## Task requirements
Below are entries; repeat exactly, and nothing else, the lines from the one holding "- tissue pack (565, 0, 639, 112)" through the one holding "Every object in", inclusive. Leave the pictures out.

[Dataset excerpts]
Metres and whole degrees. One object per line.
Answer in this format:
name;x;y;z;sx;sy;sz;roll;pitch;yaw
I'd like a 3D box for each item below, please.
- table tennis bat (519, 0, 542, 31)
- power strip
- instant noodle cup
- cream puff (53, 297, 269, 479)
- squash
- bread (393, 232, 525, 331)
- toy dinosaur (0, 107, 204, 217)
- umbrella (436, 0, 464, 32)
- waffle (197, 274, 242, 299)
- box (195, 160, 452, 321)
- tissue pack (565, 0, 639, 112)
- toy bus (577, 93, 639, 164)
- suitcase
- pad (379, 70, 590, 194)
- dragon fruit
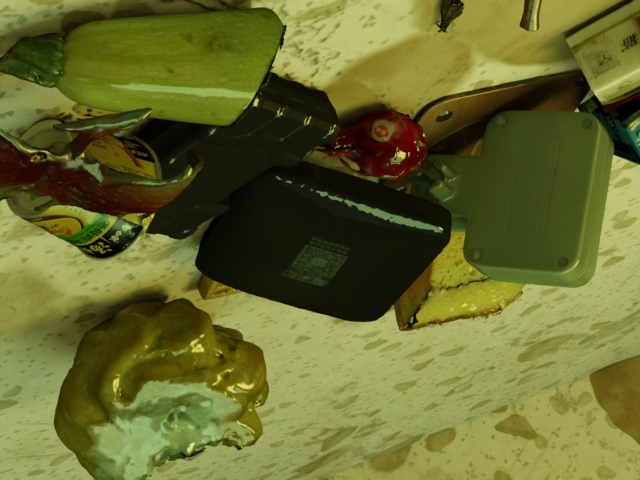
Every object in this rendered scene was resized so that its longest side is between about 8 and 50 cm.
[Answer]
table tennis bat;0.242;-0.339;1.621;0.108;0.119;0.170;4;133;1
power strip;0.247;-0.067;1.960;0.261;0.229;0.141;5;167;29
instant noodle cup;-0.270;-0.061;1.603;0.151;0.151;0.122;-35;147;29
cream puff;-0.250;0.200;2.169;0.323;0.270;0.274;-20;125;-9
squash;-0.175;-0.167;1.452;0.288;0.137;0.137;-7;154;-32
bread;0.217;0.056;2.373;0.260;0.134;0.129;-13;147;-37
toy dinosaur;-0.270;-0.101;1.436;0.327;0.112;0.206;0;150;-11
umbrella;0.150;-0.265;1.681;0.020;0.031;0.083;-49;173;-27
waffle;-0.085;0.035;2.169;0.191;0.032;0.125;-15;155;-25
box;0.000;0.000;1.964;0.290;0.073;0.289;16;146;-14
tissue pack;0.412;-0.247;1.878;0.149;0.099;0.106;-28;159;14
toy bus;0.437;-0.163;1.985;0.090;0.106;0.184;-32;-166;-1
suitcase;-0.137;-0.101;1.733;0.286;0.066;0.206;-33;157;25
pad;0.231;-0.144;2.065;0.284;0.018;0.286;-13;156;-22
dragon fruit;0.054;-0.122;1.852;0.191;0.094;0.094;0;152;-21
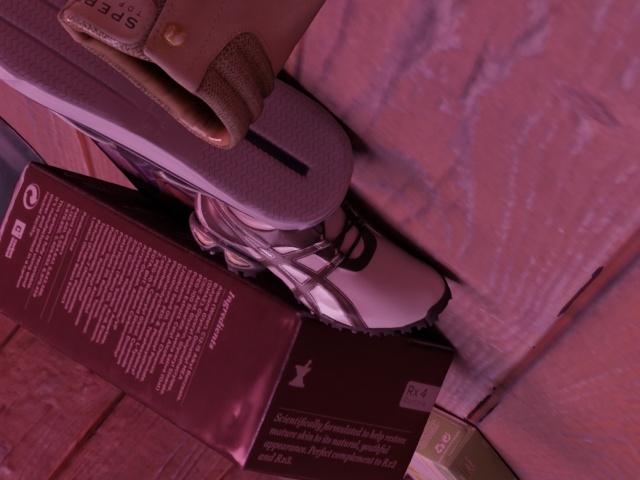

## Your solution
- tissue pack (565, 0, 639, 112)
- toy bus (577, 93, 639, 164)
- suitcase
- pad (379, 70, 590, 194)
- dragon fruit
Every object in this rendered scene was resized so that its longest side is between about 8 and 50 cm.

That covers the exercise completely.